Beyond writing, Wurts' award-winning paintings have been showcased in exhibitions of imaginative artwork, among them a commemorative exhibition for NASA's 25th Anniversary; the Art of the Cosmos at Hayden Planetarium in New York; and two exhibits of fantasy art, at both the Delaware Art Museum and Canton Art Museum.

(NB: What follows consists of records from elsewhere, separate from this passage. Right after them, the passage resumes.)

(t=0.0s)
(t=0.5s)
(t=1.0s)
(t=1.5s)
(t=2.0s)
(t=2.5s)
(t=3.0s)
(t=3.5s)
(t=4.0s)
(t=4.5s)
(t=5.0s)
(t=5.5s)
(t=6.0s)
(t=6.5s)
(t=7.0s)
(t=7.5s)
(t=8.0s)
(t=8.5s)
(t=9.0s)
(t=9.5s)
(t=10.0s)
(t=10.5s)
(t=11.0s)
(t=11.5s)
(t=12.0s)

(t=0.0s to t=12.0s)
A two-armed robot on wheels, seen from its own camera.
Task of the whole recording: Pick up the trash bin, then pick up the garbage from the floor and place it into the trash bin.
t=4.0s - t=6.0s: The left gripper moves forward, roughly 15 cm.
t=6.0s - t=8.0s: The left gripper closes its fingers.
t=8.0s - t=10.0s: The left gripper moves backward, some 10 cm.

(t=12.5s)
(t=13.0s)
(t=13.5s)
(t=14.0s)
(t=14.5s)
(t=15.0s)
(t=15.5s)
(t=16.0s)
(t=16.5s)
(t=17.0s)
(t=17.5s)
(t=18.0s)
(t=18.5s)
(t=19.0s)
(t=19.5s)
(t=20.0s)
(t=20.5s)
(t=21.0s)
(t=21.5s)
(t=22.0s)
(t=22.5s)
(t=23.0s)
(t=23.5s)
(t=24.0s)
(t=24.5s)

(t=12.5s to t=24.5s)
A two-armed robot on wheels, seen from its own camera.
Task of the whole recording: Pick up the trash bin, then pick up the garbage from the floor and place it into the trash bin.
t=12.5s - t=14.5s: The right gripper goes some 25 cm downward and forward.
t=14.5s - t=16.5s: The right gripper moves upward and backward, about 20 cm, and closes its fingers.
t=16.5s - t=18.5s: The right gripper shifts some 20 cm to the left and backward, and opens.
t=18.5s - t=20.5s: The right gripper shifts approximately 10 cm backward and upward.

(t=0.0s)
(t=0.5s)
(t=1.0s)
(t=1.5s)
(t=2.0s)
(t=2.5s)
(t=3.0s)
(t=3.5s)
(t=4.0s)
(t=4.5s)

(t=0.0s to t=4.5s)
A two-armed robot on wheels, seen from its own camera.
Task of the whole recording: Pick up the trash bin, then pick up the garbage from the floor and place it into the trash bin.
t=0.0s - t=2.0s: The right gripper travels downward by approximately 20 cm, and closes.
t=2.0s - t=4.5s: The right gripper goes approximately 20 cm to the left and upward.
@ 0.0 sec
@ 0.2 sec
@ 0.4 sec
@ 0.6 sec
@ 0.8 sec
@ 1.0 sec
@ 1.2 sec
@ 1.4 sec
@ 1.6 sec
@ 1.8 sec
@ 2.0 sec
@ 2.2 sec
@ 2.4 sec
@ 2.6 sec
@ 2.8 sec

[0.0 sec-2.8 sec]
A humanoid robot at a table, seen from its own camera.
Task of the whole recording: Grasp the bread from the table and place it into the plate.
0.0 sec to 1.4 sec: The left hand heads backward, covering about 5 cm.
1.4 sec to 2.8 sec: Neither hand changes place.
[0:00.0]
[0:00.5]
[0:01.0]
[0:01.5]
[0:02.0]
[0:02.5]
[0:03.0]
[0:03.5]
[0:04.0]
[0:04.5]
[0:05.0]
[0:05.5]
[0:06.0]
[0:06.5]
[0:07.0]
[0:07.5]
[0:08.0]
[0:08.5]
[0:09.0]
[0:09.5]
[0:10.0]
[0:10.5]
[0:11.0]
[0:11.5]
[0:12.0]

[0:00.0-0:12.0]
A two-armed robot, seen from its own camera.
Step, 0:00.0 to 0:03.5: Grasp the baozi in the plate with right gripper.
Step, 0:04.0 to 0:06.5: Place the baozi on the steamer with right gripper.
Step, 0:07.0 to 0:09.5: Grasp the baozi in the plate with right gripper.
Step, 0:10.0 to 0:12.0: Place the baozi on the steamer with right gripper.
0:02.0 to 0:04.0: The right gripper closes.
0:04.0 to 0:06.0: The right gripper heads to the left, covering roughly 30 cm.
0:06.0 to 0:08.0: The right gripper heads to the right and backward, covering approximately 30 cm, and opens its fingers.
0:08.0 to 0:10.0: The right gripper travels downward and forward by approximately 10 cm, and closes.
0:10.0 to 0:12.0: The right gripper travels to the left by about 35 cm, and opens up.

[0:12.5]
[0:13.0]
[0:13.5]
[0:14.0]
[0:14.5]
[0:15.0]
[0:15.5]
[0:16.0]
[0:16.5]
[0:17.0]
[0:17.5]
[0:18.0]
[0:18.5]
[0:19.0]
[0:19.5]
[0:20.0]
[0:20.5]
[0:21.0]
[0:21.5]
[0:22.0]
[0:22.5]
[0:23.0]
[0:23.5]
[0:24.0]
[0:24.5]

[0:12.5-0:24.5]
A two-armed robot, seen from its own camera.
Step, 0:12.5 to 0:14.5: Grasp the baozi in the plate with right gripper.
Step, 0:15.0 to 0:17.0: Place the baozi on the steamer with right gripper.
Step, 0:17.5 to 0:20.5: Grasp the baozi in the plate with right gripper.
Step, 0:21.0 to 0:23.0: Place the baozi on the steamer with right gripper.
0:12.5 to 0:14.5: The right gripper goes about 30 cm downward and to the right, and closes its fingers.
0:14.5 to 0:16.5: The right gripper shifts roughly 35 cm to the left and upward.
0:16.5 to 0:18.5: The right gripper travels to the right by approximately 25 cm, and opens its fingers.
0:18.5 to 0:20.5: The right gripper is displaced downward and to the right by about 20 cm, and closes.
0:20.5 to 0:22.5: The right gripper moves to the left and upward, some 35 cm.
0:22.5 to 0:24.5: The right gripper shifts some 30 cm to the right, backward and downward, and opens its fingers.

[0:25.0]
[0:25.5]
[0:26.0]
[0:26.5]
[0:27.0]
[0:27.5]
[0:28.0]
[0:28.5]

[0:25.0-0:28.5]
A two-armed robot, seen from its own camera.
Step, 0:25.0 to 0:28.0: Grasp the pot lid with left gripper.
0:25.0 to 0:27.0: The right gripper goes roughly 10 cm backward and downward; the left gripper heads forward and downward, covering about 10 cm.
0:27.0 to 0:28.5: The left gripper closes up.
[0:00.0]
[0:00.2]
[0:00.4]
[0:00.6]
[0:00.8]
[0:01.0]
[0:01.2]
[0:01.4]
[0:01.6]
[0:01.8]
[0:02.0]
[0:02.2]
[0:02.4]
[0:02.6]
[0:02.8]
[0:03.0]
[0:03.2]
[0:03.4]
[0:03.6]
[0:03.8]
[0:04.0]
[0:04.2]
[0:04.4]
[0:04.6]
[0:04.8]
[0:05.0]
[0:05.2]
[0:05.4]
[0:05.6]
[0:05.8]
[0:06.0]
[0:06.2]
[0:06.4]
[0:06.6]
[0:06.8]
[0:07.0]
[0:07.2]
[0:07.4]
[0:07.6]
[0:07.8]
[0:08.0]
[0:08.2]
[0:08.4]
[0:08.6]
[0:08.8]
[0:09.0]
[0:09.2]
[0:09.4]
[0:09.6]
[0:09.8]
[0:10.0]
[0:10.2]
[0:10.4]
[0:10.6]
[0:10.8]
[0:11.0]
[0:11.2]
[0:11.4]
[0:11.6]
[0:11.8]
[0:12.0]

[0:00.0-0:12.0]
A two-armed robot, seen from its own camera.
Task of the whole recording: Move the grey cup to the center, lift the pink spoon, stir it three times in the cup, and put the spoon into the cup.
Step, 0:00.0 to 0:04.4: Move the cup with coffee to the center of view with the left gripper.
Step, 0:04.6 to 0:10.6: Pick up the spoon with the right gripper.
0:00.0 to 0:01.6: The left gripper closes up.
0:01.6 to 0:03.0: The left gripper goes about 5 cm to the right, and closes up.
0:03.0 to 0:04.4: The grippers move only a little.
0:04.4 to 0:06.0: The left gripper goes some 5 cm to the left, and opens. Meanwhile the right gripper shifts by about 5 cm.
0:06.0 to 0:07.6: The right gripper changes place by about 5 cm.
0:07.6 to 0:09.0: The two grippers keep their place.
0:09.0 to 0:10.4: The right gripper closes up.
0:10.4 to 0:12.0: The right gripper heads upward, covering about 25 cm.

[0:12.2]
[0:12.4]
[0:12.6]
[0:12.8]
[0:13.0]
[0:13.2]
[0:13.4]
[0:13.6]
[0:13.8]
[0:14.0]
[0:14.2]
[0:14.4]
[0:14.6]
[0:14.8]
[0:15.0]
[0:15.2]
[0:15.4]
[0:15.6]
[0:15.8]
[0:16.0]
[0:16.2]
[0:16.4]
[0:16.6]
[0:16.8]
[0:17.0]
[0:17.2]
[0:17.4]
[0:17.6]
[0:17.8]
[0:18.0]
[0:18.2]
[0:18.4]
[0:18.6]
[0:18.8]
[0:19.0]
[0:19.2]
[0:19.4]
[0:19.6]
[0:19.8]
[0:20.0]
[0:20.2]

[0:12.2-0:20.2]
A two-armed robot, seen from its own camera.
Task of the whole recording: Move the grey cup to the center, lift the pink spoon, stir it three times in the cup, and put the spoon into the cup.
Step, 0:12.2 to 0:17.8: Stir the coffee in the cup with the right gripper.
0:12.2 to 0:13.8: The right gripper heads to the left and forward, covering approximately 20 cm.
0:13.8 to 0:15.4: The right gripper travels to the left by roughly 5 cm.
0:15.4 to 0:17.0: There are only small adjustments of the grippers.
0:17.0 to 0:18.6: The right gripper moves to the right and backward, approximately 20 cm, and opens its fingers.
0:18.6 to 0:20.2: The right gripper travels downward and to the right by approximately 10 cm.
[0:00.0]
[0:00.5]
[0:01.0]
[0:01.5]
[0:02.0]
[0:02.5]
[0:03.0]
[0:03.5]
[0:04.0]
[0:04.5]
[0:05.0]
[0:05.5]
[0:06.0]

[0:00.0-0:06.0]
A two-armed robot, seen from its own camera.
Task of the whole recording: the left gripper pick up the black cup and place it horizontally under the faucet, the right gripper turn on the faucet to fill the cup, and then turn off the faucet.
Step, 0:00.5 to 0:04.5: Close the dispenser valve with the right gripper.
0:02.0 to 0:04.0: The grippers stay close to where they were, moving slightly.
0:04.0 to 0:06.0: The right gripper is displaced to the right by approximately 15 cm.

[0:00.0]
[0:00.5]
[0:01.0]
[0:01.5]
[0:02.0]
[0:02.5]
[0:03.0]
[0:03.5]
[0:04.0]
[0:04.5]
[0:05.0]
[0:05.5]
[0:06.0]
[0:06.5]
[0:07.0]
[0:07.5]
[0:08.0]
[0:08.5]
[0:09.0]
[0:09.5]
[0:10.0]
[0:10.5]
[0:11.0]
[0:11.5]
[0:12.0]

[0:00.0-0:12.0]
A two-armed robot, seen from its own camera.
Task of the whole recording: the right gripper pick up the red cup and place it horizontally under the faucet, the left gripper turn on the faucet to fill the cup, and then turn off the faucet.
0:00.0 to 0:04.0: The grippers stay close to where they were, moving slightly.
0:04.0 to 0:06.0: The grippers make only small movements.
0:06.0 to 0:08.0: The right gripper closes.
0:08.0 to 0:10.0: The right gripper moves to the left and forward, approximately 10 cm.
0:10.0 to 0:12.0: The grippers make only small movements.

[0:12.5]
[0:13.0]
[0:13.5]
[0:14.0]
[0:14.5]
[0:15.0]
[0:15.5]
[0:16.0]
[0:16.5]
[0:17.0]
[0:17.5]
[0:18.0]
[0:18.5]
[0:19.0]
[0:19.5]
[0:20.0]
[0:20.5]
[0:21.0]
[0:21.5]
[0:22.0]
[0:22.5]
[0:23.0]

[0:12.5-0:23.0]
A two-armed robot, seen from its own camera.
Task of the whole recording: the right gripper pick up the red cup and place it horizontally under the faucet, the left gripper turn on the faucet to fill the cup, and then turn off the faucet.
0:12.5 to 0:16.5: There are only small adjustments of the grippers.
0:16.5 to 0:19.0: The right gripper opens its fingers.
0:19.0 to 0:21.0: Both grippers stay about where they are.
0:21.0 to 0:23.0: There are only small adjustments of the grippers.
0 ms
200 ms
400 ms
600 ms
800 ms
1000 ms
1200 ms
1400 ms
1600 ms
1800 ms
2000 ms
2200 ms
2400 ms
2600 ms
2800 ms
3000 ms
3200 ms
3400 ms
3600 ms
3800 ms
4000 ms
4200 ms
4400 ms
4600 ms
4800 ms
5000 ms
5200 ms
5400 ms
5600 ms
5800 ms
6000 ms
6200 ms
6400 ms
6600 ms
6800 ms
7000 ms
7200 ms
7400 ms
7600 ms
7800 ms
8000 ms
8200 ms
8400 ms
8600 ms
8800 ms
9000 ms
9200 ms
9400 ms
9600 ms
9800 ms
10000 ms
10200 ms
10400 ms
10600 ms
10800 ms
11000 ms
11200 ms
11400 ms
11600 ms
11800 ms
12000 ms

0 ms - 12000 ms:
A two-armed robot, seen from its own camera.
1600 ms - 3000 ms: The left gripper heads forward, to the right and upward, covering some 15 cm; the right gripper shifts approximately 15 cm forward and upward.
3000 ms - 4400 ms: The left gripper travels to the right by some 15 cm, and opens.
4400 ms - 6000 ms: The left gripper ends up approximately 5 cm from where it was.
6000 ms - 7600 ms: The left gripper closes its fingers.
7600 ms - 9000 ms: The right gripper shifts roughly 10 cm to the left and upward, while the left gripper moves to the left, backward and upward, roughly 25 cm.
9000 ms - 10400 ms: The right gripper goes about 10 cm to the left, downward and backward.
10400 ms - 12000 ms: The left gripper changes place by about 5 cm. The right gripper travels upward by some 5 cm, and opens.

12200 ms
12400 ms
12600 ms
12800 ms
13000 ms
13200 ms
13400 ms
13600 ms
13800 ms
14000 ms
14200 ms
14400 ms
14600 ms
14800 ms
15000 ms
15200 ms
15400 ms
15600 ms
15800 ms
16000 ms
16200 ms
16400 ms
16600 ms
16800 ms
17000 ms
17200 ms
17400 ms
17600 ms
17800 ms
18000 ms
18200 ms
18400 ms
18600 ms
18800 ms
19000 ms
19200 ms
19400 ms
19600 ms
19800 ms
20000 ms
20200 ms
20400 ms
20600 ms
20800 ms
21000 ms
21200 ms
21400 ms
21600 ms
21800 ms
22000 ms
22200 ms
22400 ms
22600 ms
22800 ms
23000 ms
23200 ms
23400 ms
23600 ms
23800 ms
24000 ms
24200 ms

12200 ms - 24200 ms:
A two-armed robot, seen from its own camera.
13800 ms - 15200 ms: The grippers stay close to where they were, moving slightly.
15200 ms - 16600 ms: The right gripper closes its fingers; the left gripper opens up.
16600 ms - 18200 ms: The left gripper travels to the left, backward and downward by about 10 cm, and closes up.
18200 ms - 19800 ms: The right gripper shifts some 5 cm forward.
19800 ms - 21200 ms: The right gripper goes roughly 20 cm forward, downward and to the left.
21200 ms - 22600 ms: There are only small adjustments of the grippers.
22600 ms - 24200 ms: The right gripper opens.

Wurts was a guest of honor at the 1996 World Horror Convention and the 2004 World Fantasy Convention. She resides in Florida with her husband, artist Don Maitz.

==Bibliography==

===The Cycle of Fire Trilogy===
- Stormwarden (1984)
- Keeper of the Keys (1988)
- Shadowfane (1988)
  - The Cycle of Fire (1999) collects the trilogy into one volume

===The Empire Trilogy===

- Daughter of the Empire (1987) with Raymond E. Feist
- Servant of the Empire (1990) with Raymond E. Feist
- Mistress of the Empire (1992) with Raymond E. Feist

===The Wars of Light and Shadow===
- Arc I
  - Curse of the Mistwraith (1993)
- Arc II
  - Ships of Merior (1994)
  - Warhost of Vastmark (1995)
- Arc III: Alliance of Light
  - Fugitive Prince (1997)
  - Grand Conspiracy (1999)
  - Peril's Gate (2001)
  - Traitor's Knot (2004)
  - Stormed Fortress (2007)
- Arc IV: Sword of the Canon
  - Initiate's Trial (2011)
  - Destiny's Conflict (2017)
- Arc V: Song of the Mysteries
  - Song of the Mysteries (2024)

===Stand-alone novels===
- Sorcerer's Legacy (1982)
- Master of Whitestorm (1992)
- To Ride Hell's Chasm (2002)

===Collections===
- That Way Lies Camelot (1994)

===Short stories===
- "Silverdown's Gold" (1991) appeared in Horse Fantastic
- "Blood, Oak, Iron" (2004) appeared in Flights: Extreme Visions of Fantasy
- "Child of Prophecy" (2004) appeared in Masters of Fantasy (A Wars of Light and Shadow Short Story)
- "Watchfire" (2004) with Raymond E. Feist, appeared in Flights: Extreme Visions of Fantasy
- "Last of Her Kind" (2005) appeared in Fantastic Companions
- "Finder's Keeper" (2006) appeared in Fantasy Gone Wrong
- "Moebius Trip" (2006) appeared in Elemental: The Tsunami Relief Anthology: Stories of Science Fiction and Fantasy
- "Sundering Star" (2006) appeared in Under Cover of Darkness (A Wars of Light and Shadow Short Story)
- "Reins of Destiny" (2007) appeared in The Solaris Book of New Fantasy (A Wars of Light and Shadow Short Story)
- "The Decoy" (2016) appeared in Unfettered II (A Wars of Light and Shadow Short Story)

===Novellas===
- The Gallant (2018) appeared in Secrets & Spells: 6 Fantasy Novels (A Wars of Light and Shadow prequel)

==Illustration work==
- Cover art and map art for The Company War, a 1983 board game from Mayfair Games based on the novel Downbelow Station by C. J. Cherryh

Janny Wurts also painted the cover art for her US and international books. Her paintings have been showcased in numerous exhibitions and have won several Chesley awards.